Por Cecília Troib, advogada da área de Direito Imobiliário do Casillo Advogados.
A lei nº 8.245/91, que regula as locações de imóveis residenciais e comerciais, autoriza ao juiz em seu art. 59, §1º, IX, que, tão logo protocolada pelo locador a petição inicial de ação de despejo por falta de pagamento, expeça imediatamente ordem para que o locatário desocupe o imóvel em 15 dias.
A concessão dessa medida – usualmente chamada de “despejo liminar”, devido ao deferimento da ordem de desocupação antes da oitiva da parte contrária –, porém, é vedada pela Lei de Locações quando o contrato estiver provido de garantia.
É sabido que nesta espécie de contrato a garantia mais utilizada é a fiança, por meio da qual, uma pessoa garante satisfazer ao credor – no caso o locador – uma obrigação assumida pelo devedor – locatário -, caso este não a cumpra.
A justificativa para a vedação do chamado “despejo liminar” quando existente fiança no contrato de locação se dá, em tese, pois não haveria prejuízo na manutenção do locatário no imóvel até o julgamento final do processo, já que os bens do fiador poderiam saldar os alugueis e encargos não pagos.
No entanto, pede-se vênia para aludir ao entendimento de que tal raciocínio – e a aplicação literal do art. 59, §1º, IX da Lei de Locações – não podem ser adotados de forma automática, sem a devida atenção ao caso concreto e à real finalidade pretendida pelo dispositivo, como infelizmente é feito na maioria das ações de despejo por falta de pagamento em que o pedido liminar é negado sob o simples fundamento de “existência de fiança no contrato”.

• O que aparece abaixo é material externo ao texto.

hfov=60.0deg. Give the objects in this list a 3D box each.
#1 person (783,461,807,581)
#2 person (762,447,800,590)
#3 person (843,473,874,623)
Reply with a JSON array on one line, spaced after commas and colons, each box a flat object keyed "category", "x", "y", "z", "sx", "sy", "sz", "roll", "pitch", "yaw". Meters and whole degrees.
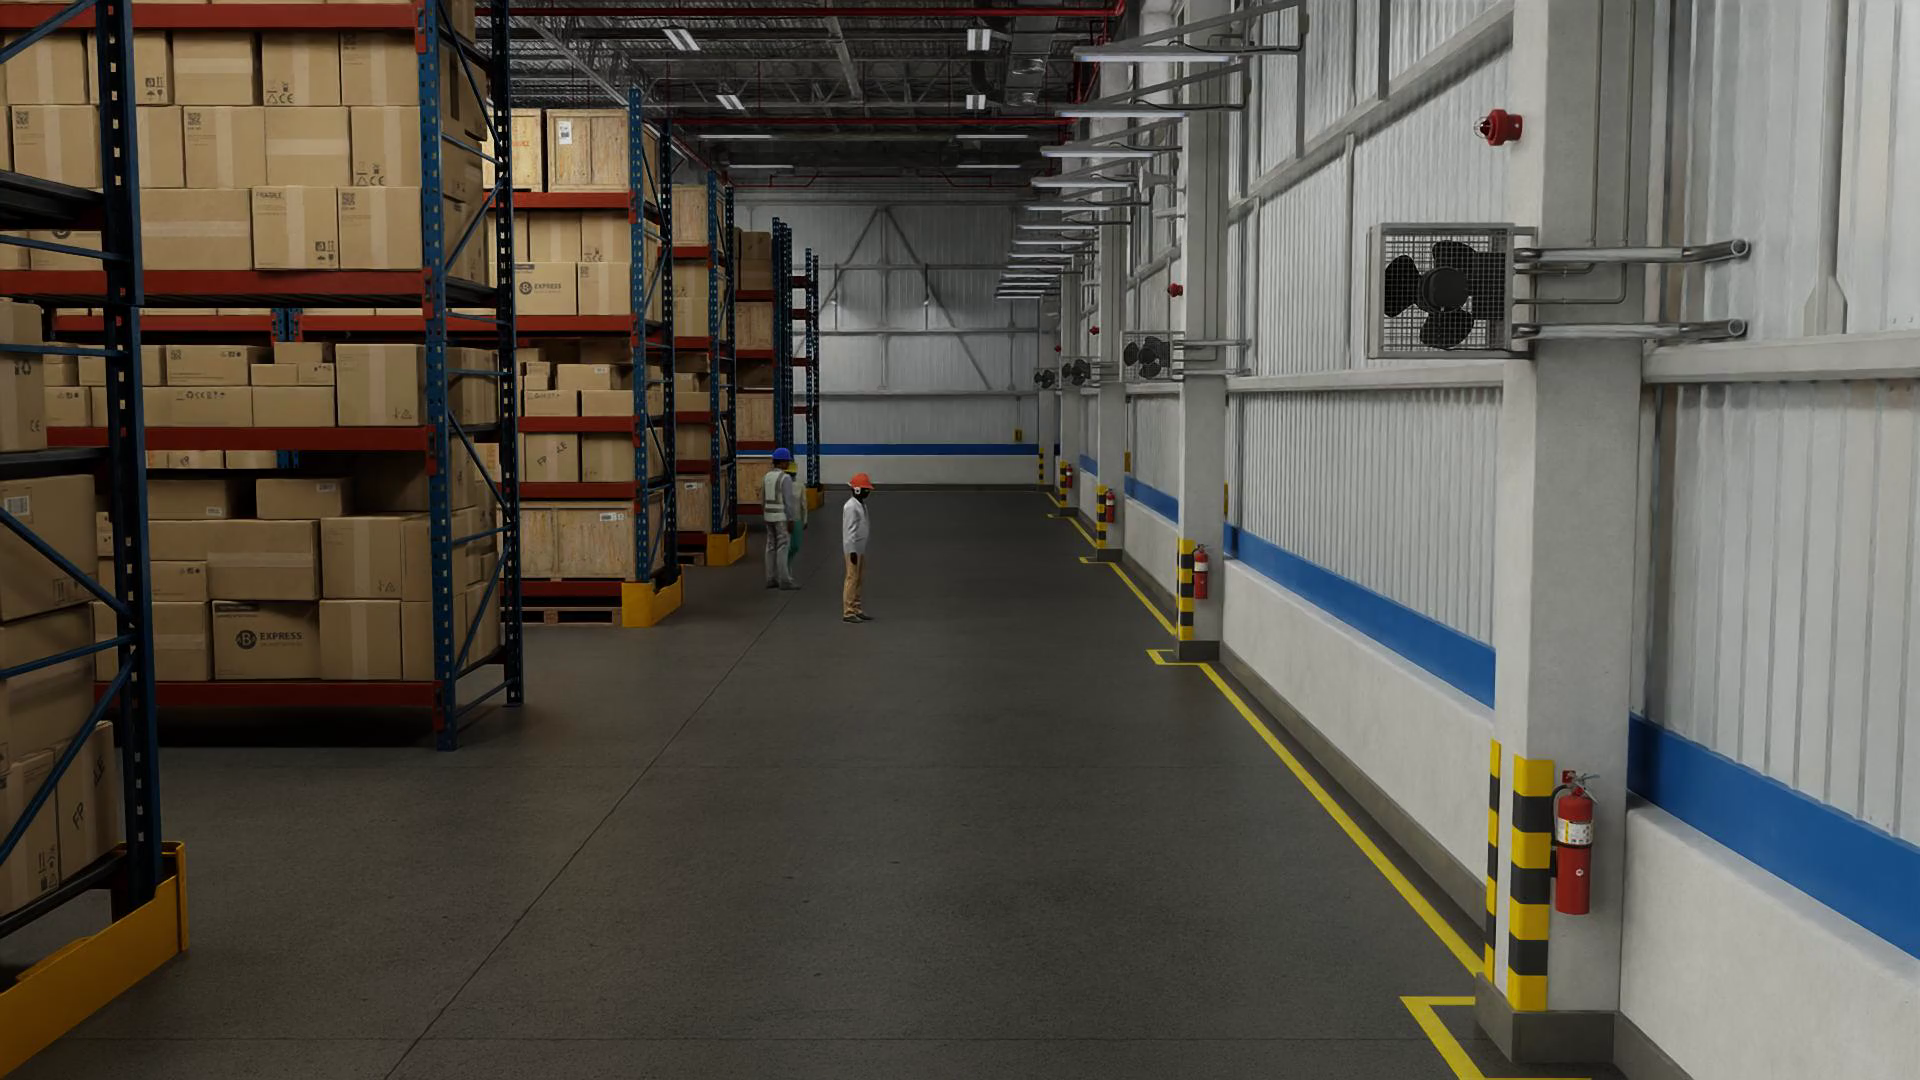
[{"category": "person", "x": -2.443, "y": -0.284, "z": 23.735, "sx": 0.566, "sy": 1.743, "sz": 0.514, "roll": -3, "pitch": 6, "yaw": -32}, {"category": "person", "x": -2.460, "y": -0.287, "z": 22.656, "sx": 0.402, "sy": 1.943, "sz": 0.605, "roll": -4, "pitch": 6, "yaw": -40}, {"category": "person", "x": -1.173, "y": 0.094, "z": 19.368, "sx": 0.350, "sy": 1.744, "sz": 0.570, "roll": 1, "pitch": 5, "yaw": 15}]

Isso se deve pois não é rara a constatação da insuficiência do patrimônio do fiador para a satisfação da dívida. Nestes casos, é de rigor a mitigação da norma contida no art. 59, §1º, IX da Lei de Locações, sob pena de manutenção da locação sem a devida contraprestação e impossibilidade de recuperação dos alugueis e encargos inadimplidos, na contramão da vontade do legislador.

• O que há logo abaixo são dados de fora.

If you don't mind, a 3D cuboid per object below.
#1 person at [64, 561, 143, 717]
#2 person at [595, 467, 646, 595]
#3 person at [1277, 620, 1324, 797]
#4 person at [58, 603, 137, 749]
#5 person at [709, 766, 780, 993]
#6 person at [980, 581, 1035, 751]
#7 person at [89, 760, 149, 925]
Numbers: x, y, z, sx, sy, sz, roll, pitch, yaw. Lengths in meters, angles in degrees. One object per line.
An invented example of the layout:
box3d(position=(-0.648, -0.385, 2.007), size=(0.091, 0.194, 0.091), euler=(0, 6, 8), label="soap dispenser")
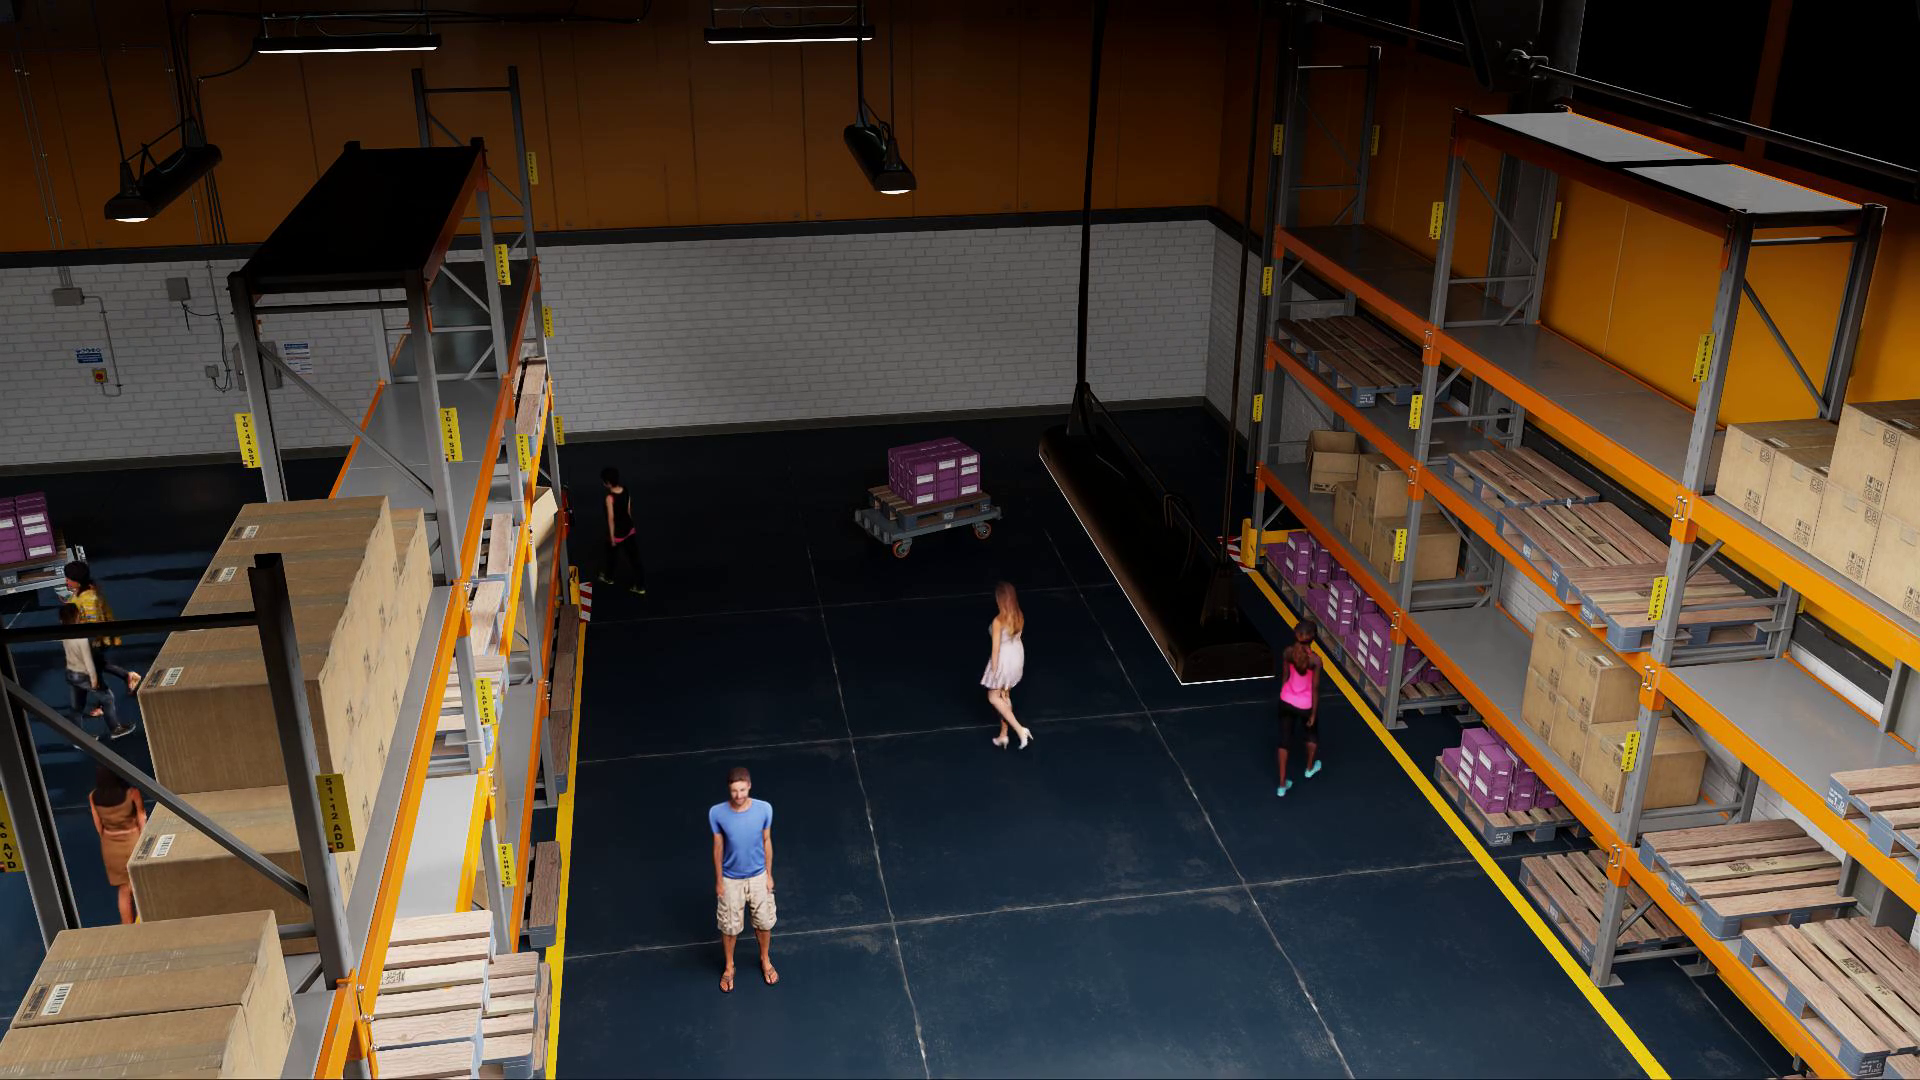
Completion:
box3d(position=(-8.510, 0.945, 16.482), size=(0.910, 1.639, 0.878), euler=(-13, 27, -28), label="person")
box3d(position=(-3.818, -0.073, 18.977), size=(1.041, 1.505, 0.985), euler=(16, 28, 32), label="person")
box3d(position=(3.008, 1.544, 15.032), size=(0.869, 1.701, 0.956), euler=(13, 27, 27), label="person")
box3d(position=(-8.430, 1.328, 15.850), size=(0.798, 1.443, 0.875), euler=(13, 27, 27), label="person")
box3d(position=(-1.641, 2.524, 12.589), size=(0.659, 1.864, 0.579), euler=(-6, 24, -13), label="person")
box3d(position=(0.496, 1.241, 15.661), size=(0.815, 1.755, 0.932), euler=(-20, 31, -39), label="person")
box3d(position=(-6.504, 2.475, 12.952), size=(0.585, 1.663, 0.805), euler=(-3, 24, -8), label="person")

Nesse sentido, no julgamento do Agravo de Instrumento nº 0001991-58.2021.8.16.0000 de Relatoria da Desembargadora Denise Kruger Pereira do TJPR, foi deferido o despejo liminar do locatário mesmo estando o contrato de locação garantido por fiança, pois foi constatada a existência de pendências financeiras em nome do garantidor, que o impediriam de saldar a dívida objeto daquele processo.
Defendemos que a praxe adotada no referido julgamento merece ser difundida e amplamente aplicada para os casos em que, não obstante o contrato de locação seja provido de fiança, tal garantia se revele ineficaz para os fins a que se destina, ou seja, incapaza de garantir o pagamento da dívida.
Sob qualquer viés que se analise a questão, não cabe ao julgador aplicar a lei de forma literal quando tal postura surtir efeitos contrários ao sentido da norma, sendo ilógico, por parte do Judiciário, o receio de empregar tal entendimento de forma habitual.
Aferido, então, no caso concreto, o patrimônio insuficiente ou inexistente do fiador, através de declarações de imposto de renda, extratos de pendências financeiras ou outros documentos nessa linha, nada mais justo que o locador faça jus ao deferimento do despejo liminar para que possa reaver o imóvel de sua propriedade de imediato.
Necessária, portanto, que o julgador da ação de despejo por falta de pagamento realize uma análise criteriosa e atenta do art. 59, §1º, IX da Lei de Locações, visando coibir a manutenção do locatário inadimplente no imóvel quando o patrimônio do fiador não é suficiente para cobrir a dívida, evitando-se o desarrazoado indeferimento da liminar pelo simples fato de que o contrato estaria, em tese, garantido por fiança, quando, em realidade, referida garantia já se encontra esvaziada.